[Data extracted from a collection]
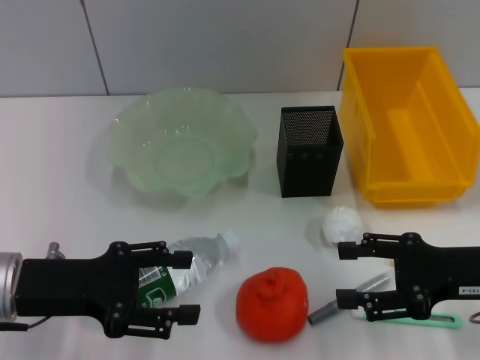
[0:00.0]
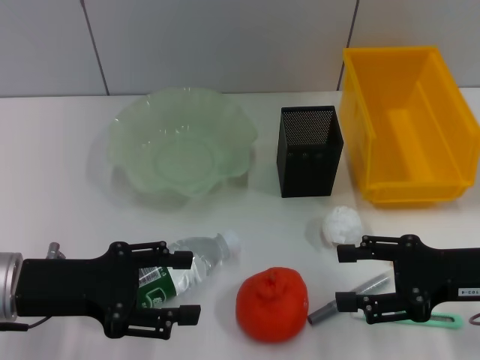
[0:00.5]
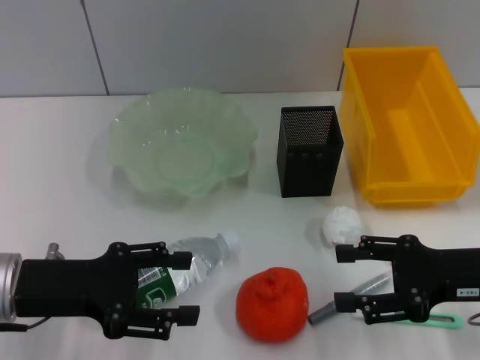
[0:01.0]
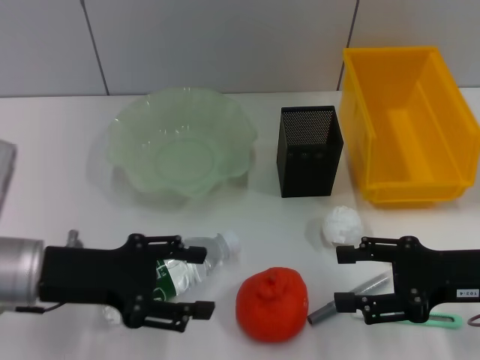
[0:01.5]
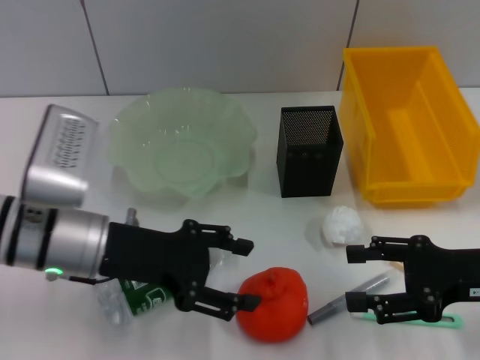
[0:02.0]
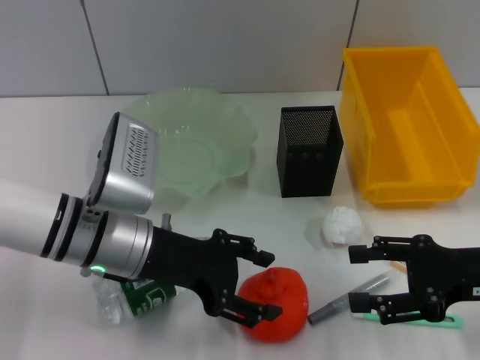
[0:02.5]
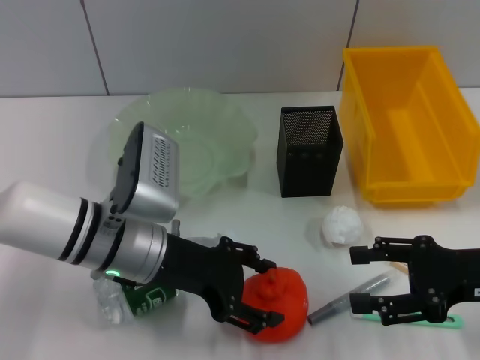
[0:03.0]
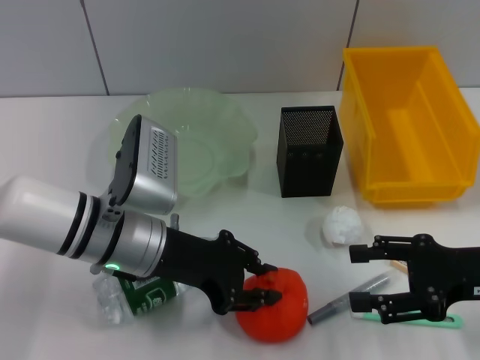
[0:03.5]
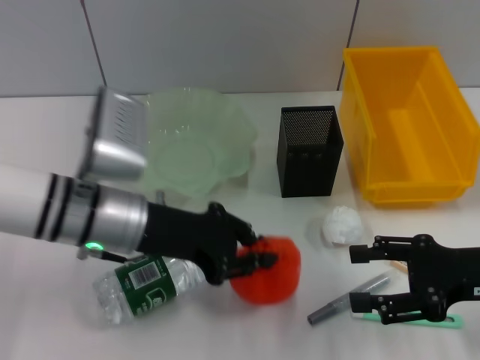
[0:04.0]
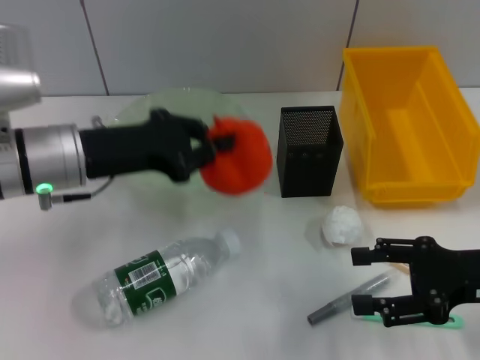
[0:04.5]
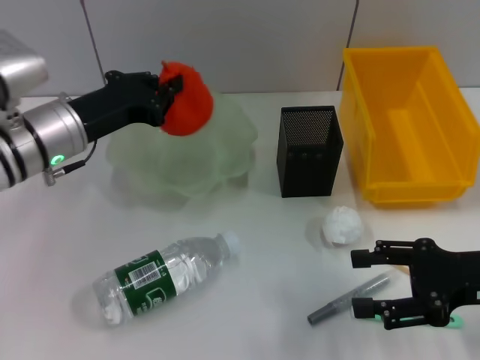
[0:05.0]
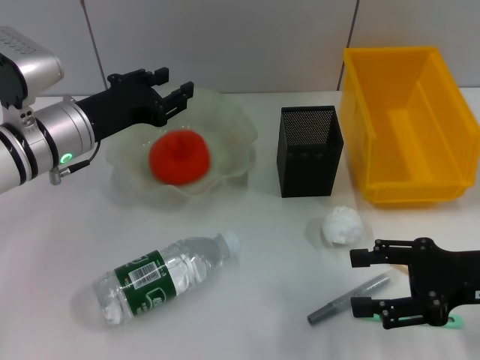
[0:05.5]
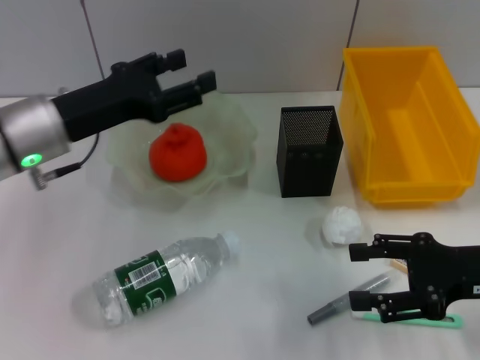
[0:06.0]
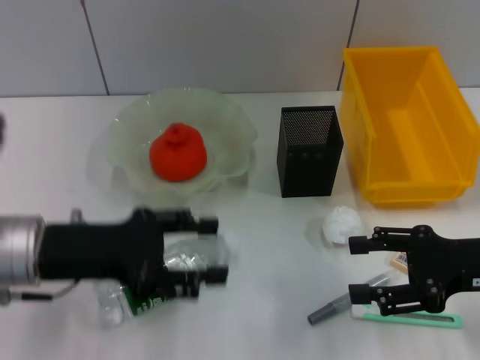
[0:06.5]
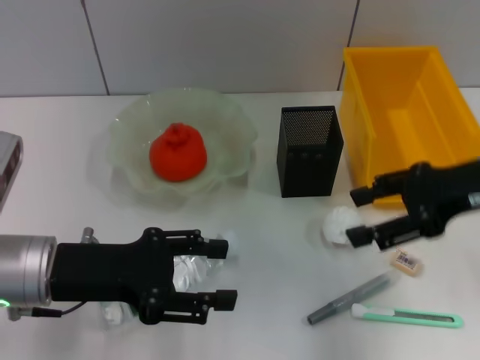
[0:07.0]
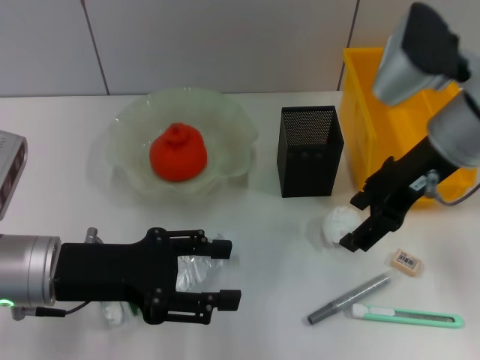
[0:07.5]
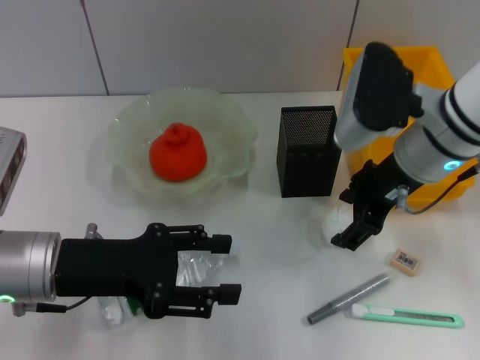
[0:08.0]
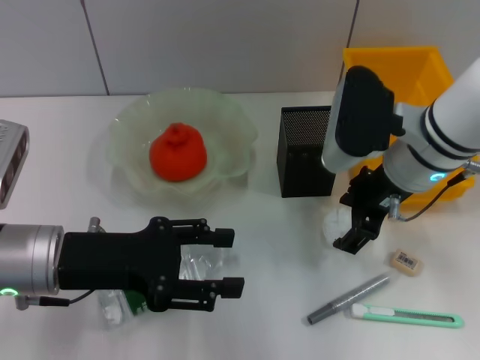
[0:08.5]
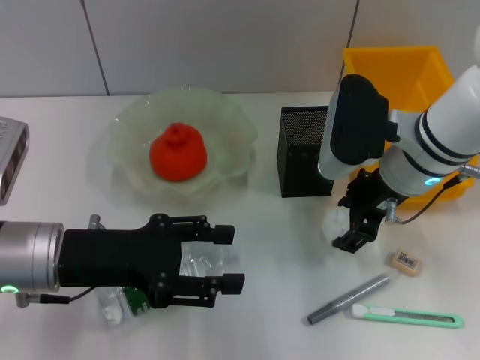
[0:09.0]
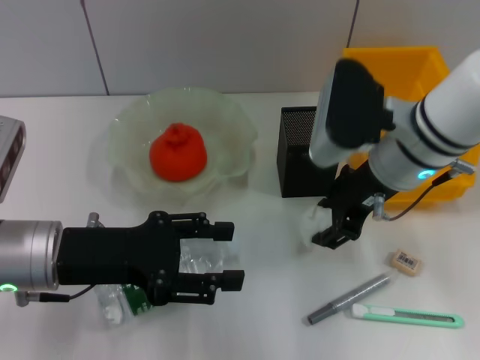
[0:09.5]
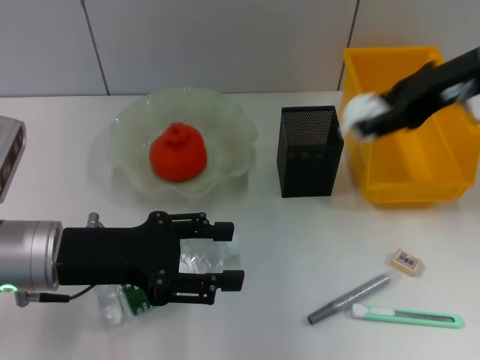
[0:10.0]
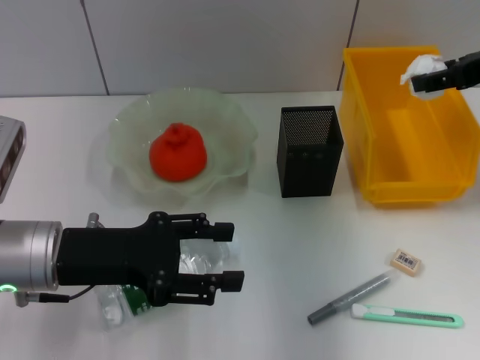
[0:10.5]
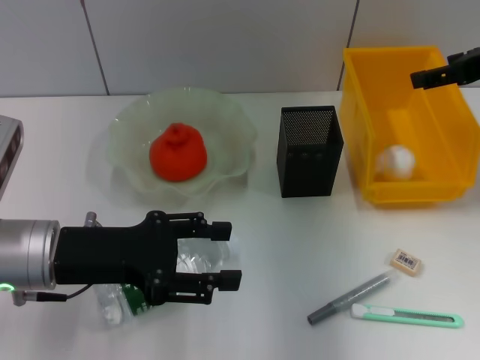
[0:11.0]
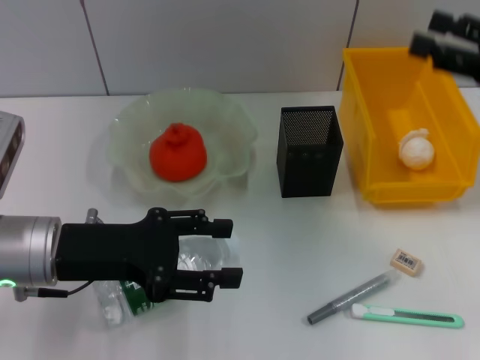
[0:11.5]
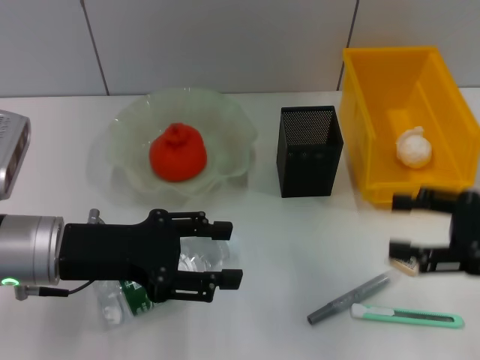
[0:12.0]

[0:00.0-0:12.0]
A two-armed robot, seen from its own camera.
Step, 0:00.0 to 0:03.5: Grab the orange with the left hand.
Step, 0:04.0 to 0:05.5: Place the orange into the fruit bowl with the left hand.
Step, 0:06.0 to 0:09.0: Grab the paper ball with the right hand.
Step, 0:09.5 to 0:11.5: Place the paper ball into the trash can with the right hand.
0:00.0 to 0:02.0: The left gripper shifts roughly 5 cm to the right.
0:02.0 to 0:04.0: The left gripper closes.
0:04.0 to 0:06.0: The left gripper travels to the left by about 5 cm, and opens up.
0:06.0 to 0:08.0: The left gripper moves backward, some 10 cm. The right gripper heads to the left, forward and upward, covering about 20 cm.
0:08.0 to 0:10.0: The right gripper shifts roughly 10 cm upward and to the right.
0:10.0 to 0:12.0: The right gripper is displaced downward, backward and to the right by some 20 cm, and opens up.

§ **Work order**
Copy each of the entries above precisely, and drop whatever pictures they hold.

§ **Response area**
[0:00.0]
[0:00.5]
[0:01.0]
[0:01.5]
[0:02.0]
[0:02.5]
[0:03.0]
[0:03.5]
[0:04.0]
[0:04.5]
[0:05.0]
[0:05.5]
[0:06.0]
[0:06.5]
[0:07.0]
[0:07.5]
[0:08.0]
[0:08.5]
[0:09.0]
[0:09.5]
[0:10.0]
[0:10.5]
[0:11.0]
[0:11.5]
[0:12.0]

[0:00.0-0:12.0]
A two-armed robot, seen from its own camera.
Step, 0:00.0 to 0:03.5: Grab the orange with the left hand.
Step, 0:04.0 to 0:05.5: Place the orange into the fruit bowl with the left hand.
Step, 0:06.0 to 0:09.0: Grab the paper ball with the right hand.
Step, 0:09.5 to 0:11.5: Place the paper ball into the trash can with the right hand.
0:00.0 to 0:02.0: The left gripper shifts roughly 5 cm to the right.
0:02.0 to 0:04.0: The left gripper closes.
0:04.0 to 0:06.0: The left gripper travels to the left by about 5 cm, and opens up.
0:06.0 to 0:08.0: The left gripper moves backward, some 10 cm. The right gripper heads to the left, forward and upward, covering about 20 cm.
0:08.0 to 0:10.0: The right gripper shifts roughly 10 cm upward and to the right.
0:10.0 to 0:12.0: The right gripper is displaced downward, backward and to the right by some 20 cm, and opens up.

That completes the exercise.